### Aim of the task
Transcribe exactly the lines below that begin at the line with "balance<fcel>Oil gas and" and stop after the line with "Give a very brief answer. 1.", leaving out every picture.

### Records for the exercise

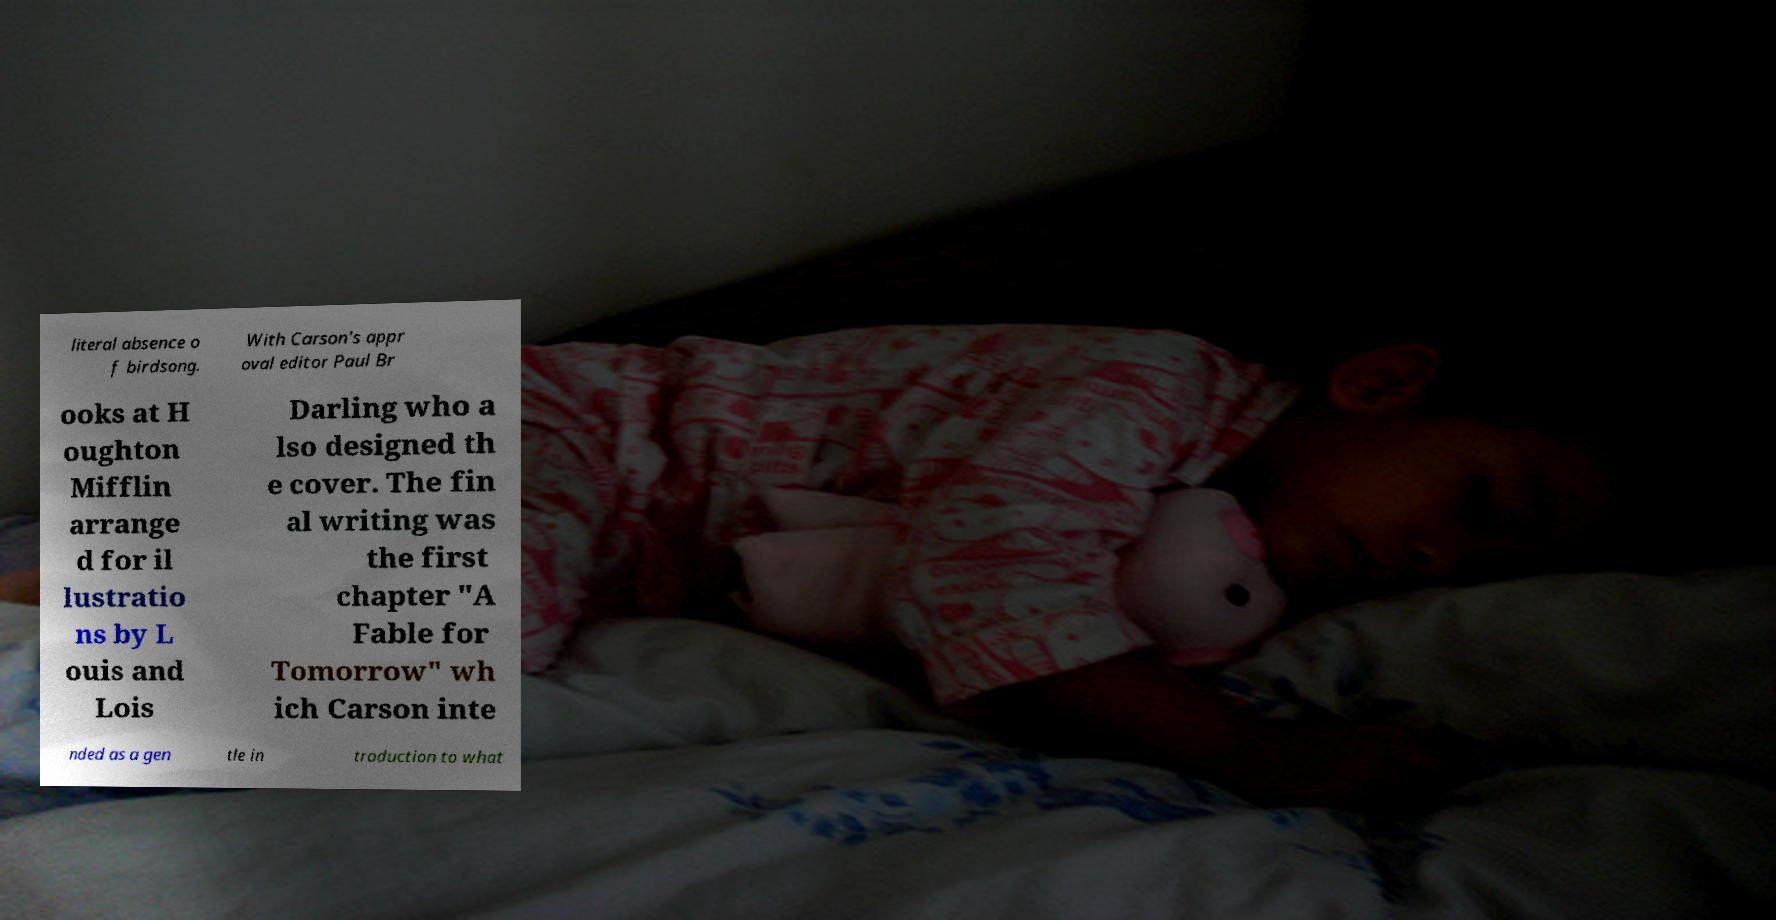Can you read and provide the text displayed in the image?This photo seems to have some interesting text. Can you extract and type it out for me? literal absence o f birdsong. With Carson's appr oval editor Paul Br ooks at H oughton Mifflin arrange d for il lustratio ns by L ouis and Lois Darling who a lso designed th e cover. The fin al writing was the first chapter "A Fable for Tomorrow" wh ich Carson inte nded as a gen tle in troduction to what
==
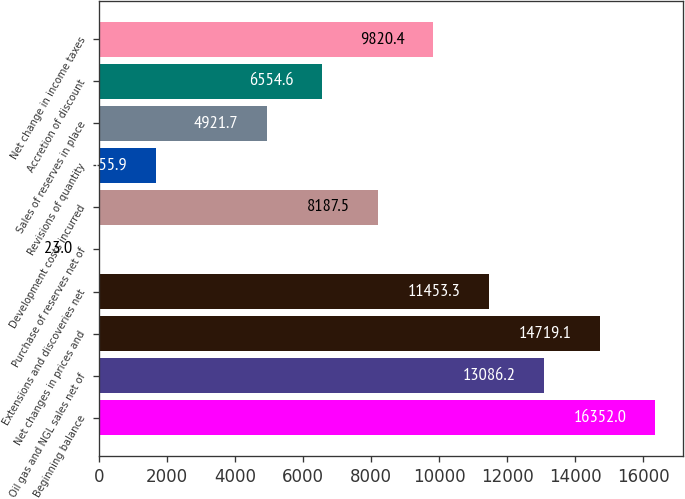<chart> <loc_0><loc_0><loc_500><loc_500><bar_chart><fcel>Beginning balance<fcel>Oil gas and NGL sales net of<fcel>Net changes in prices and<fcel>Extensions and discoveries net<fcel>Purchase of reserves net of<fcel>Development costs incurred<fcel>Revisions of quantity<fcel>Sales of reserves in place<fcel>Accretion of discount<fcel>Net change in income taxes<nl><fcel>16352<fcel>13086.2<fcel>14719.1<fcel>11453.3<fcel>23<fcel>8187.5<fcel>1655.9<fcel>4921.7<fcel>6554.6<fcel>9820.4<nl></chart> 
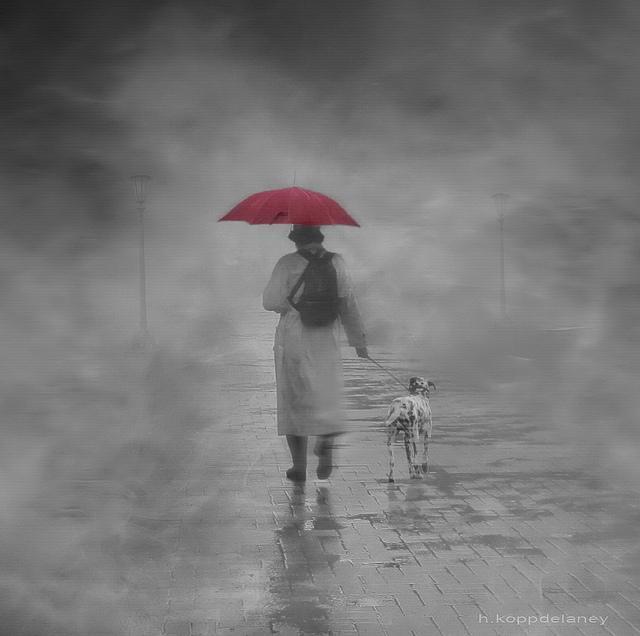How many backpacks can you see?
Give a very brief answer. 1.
---
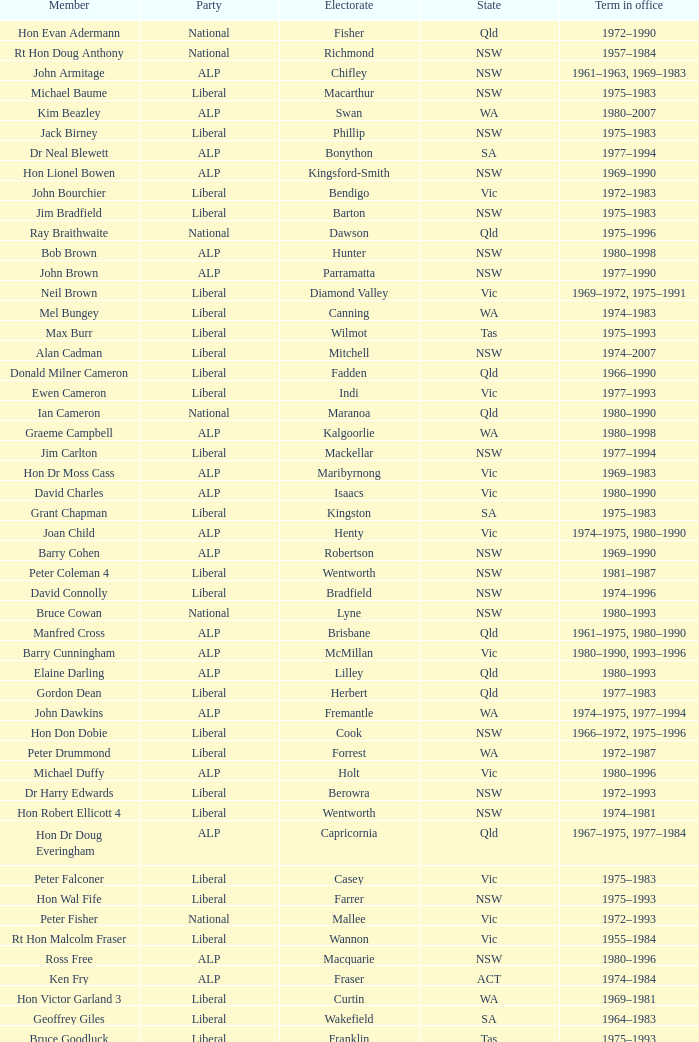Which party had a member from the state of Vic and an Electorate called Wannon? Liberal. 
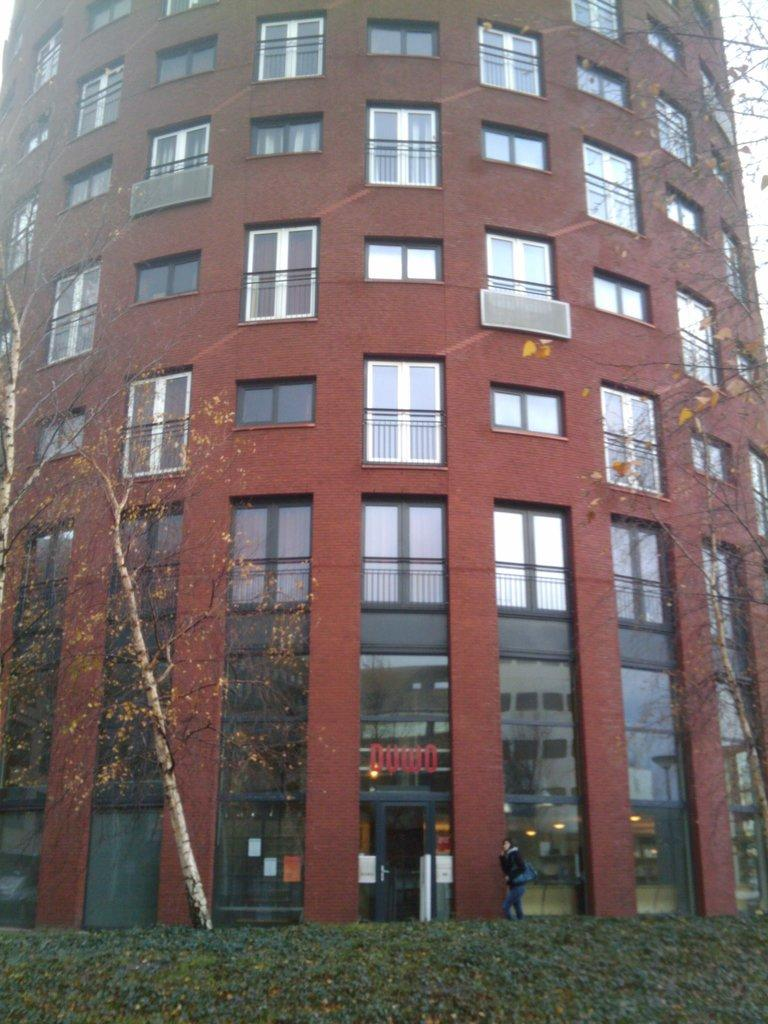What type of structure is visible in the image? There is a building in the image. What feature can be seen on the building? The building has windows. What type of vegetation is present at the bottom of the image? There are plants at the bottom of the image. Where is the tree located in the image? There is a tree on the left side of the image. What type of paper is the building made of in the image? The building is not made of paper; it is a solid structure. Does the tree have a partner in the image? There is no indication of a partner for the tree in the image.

### Reply
<chart> <loc_0><loc_0><loc_500><loc_500><bar_chart><fcel>Beginning balance<fcel>Oil gas and NGL sales net of<fcel>Net changes in prices and<fcel>Extensions and discoveries net<fcel>Purchase of reserves net of<fcel>Development costs incurred<fcel>Revisions of quantity<fcel>Sales of reserves in place<fcel>Accretion of discount<fcel>Net change in income taxes<nl><fcel>16352<fcel>13086.2<fcel>14719.1<fcel>11453.3<fcel>23<fcel>8187.5<fcel>1655.9<fcel>4921.7<fcel>6554.6<fcel>9820.4<nl></chart> 
How many backpacks can you see?
Give a very brief answer. 1.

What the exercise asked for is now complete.